■ **EXERCISE**
Check every line of the material below, and show those that contain "Lime".

□ □ □

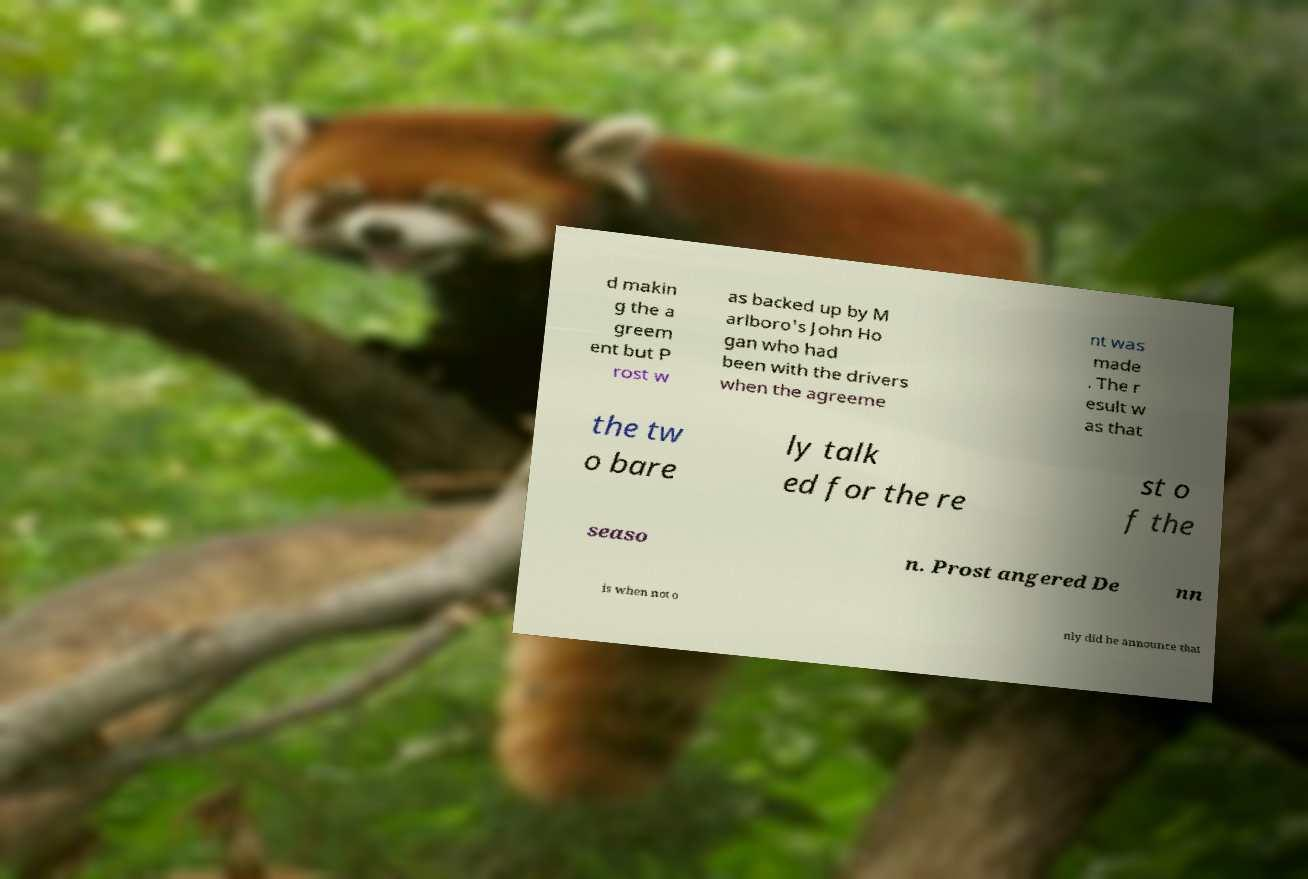I need the written content from this picture converted into text. Can you do that? d makin g the a greem ent but P rost w as backed up by M arlboro's John Ho gan who had been with the drivers when the agreeme nt was made . The r esult w as that the tw o bare ly talk ed for the re st o f the seaso n. Prost angered De nn is when not o nly did he announce that 
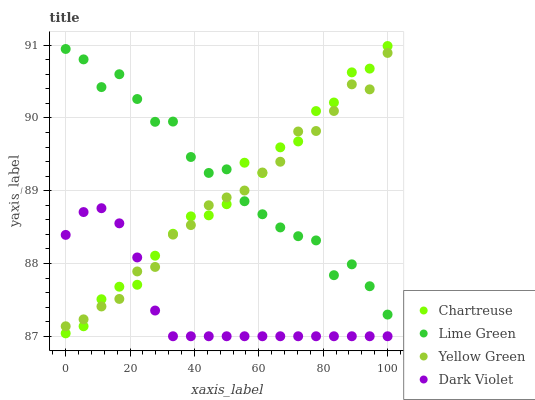Does Dark Violet have the minimum area under the curve?
Answer yes or no. Yes. Does Lime Green have the maximum area under the curve?
Answer yes or no. Yes. Does Yellow Green have the minimum area under the curve?
Answer yes or no. No. Does Yellow Green have the maximum area under the curve?
Answer yes or no. No. Is Dark Violet the smoothest?
Answer yes or no. Yes. Is Lime Green the roughest?
Answer yes or no. Yes. Is Yellow Green the smoothest?
Answer yes or no. No. Is Yellow Green the roughest?
Answer yes or no. No. Does Dark Violet have the lowest value?
Answer yes or no. Yes. Does Yellow Green have the lowest value?
Answer yes or no. No. Does Chartreuse have the highest value?
Answer yes or no. Yes. Does Lime Green have the highest value?
Answer yes or no. No. Is Dark Violet less than Lime Green?
Answer yes or no. Yes. Is Lime Green greater than Dark Violet?
Answer yes or no. Yes. Does Chartreuse intersect Lime Green?
Answer yes or no. Yes. Is Chartreuse less than Lime Green?
Answer yes or no. No. Is Chartreuse greater than Lime Green?
Answer yes or no. No. Does Dark Violet intersect Lime Green?
Answer yes or no. No. 
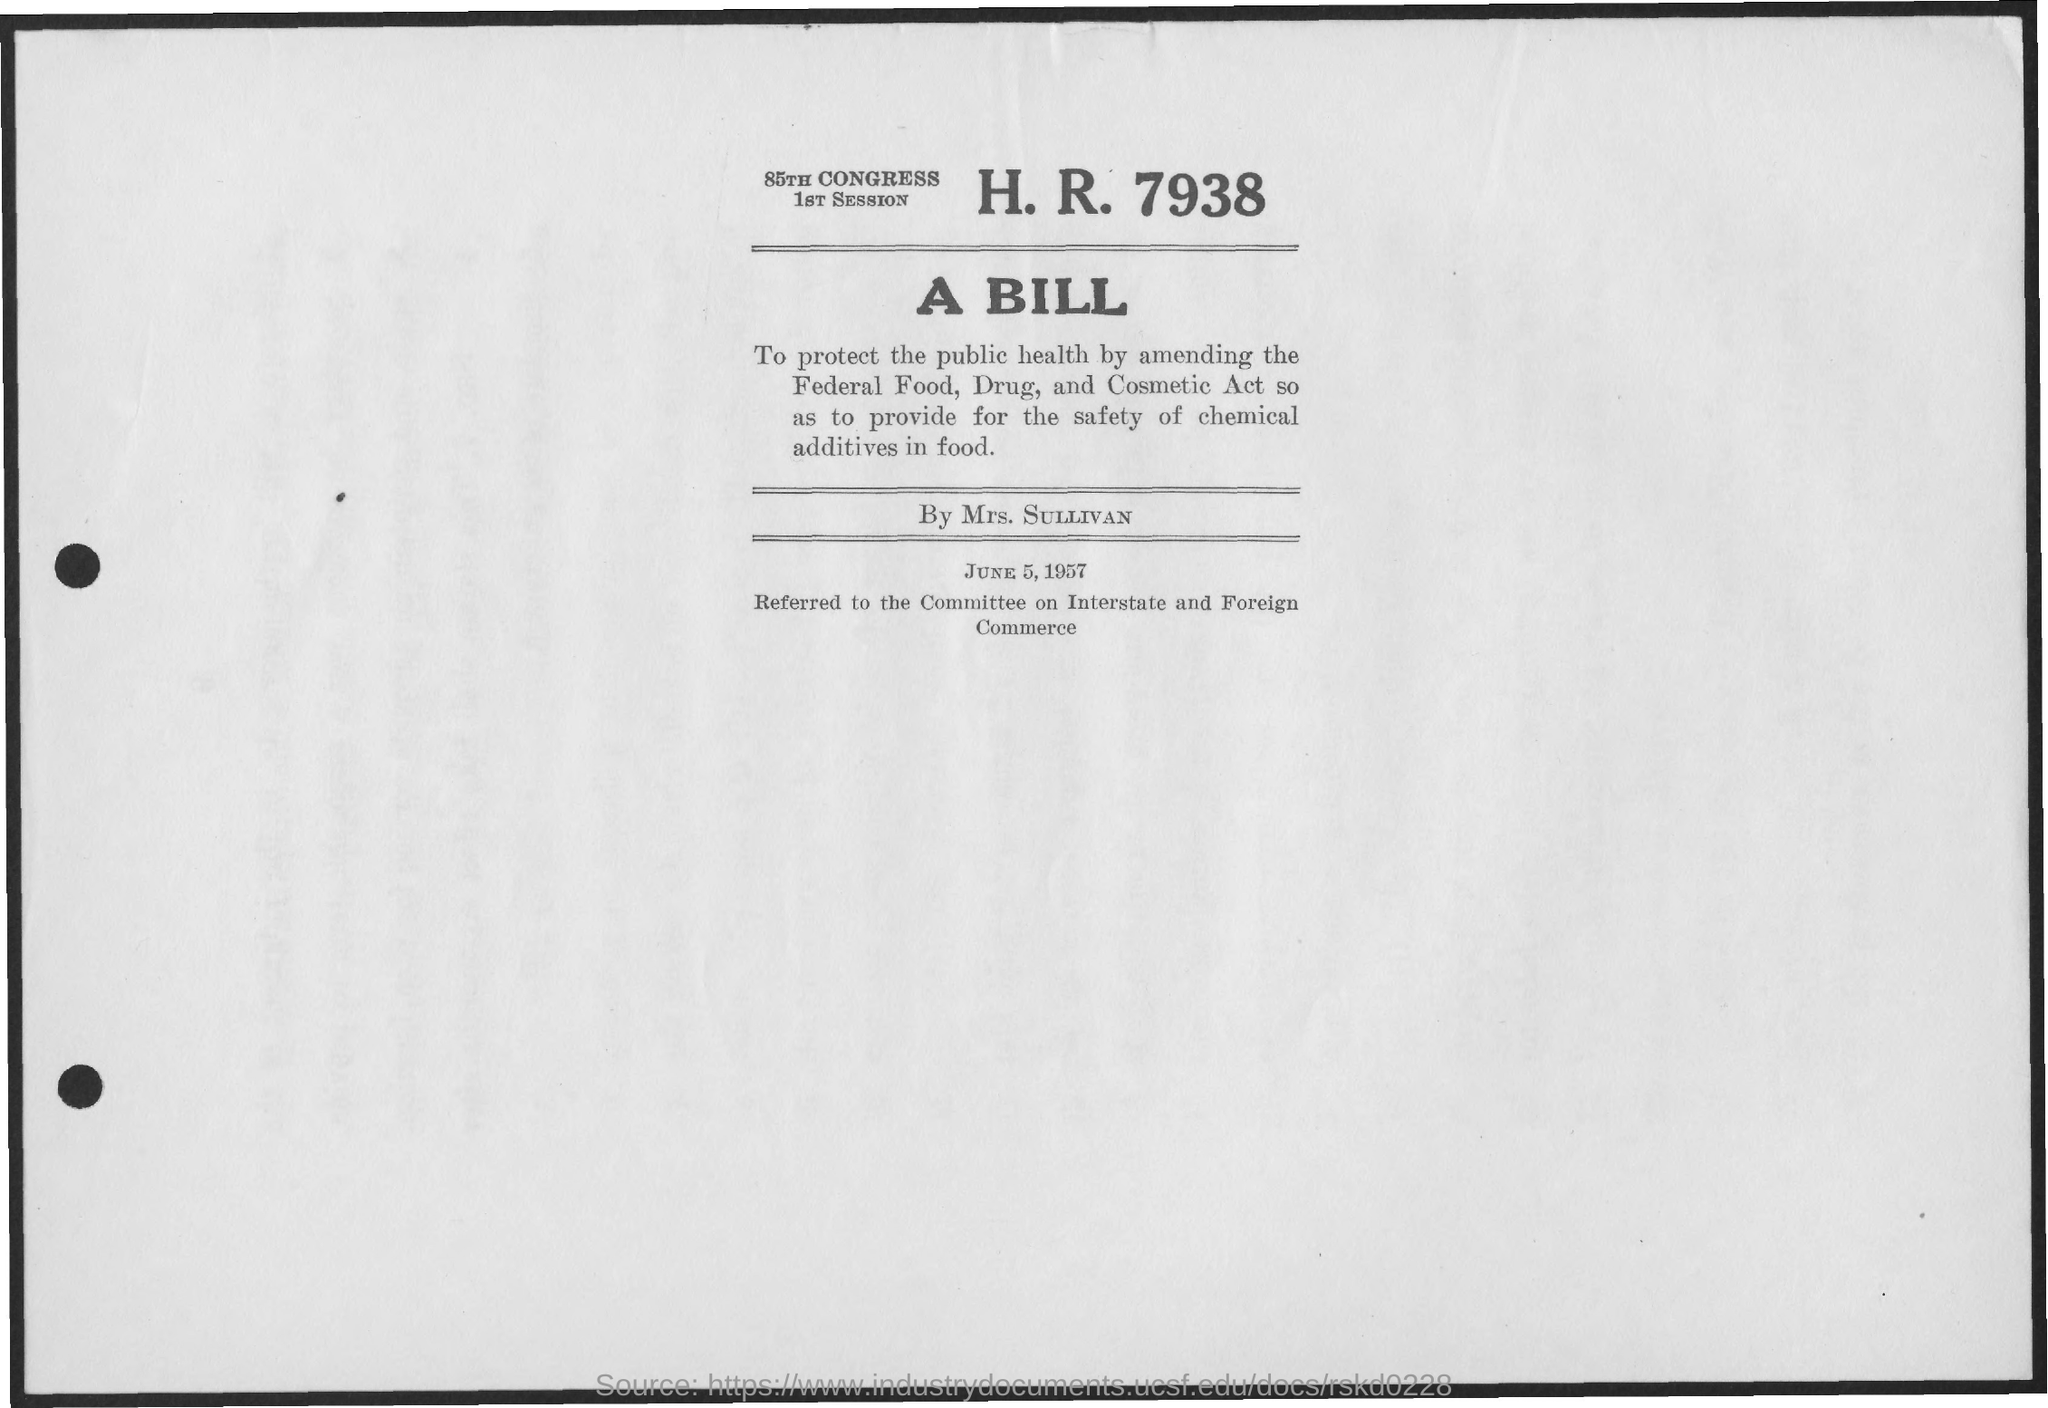What is the date on the document?
Your answer should be compact. June 5, 1957.

□ □ □

■ **EXERCISE RESPONSE**
Answer yes or no. Yes. Does Lime Green have the maximum area under the curve?
Answer yes or no. Yes. Is Lime Green the roughest?
Answer yes or no. Yes. Does Lime Green have the highest value?
Answer yes or no. No. Is Dark Violet less than Lime Green?
Answer yes or no. Yes. Is Lime Green greater than Dark Violet?
Answer yes or no. Yes. Does Chartreuse intersect Lime Green?
Answer yes or no. Yes. Is Chartreuse less than Lime Green?
Answer yes or no. No. Is Chartreuse greater than Lime Green?
Answer yes or no. No. Does Dark Violet intersect Lime Green?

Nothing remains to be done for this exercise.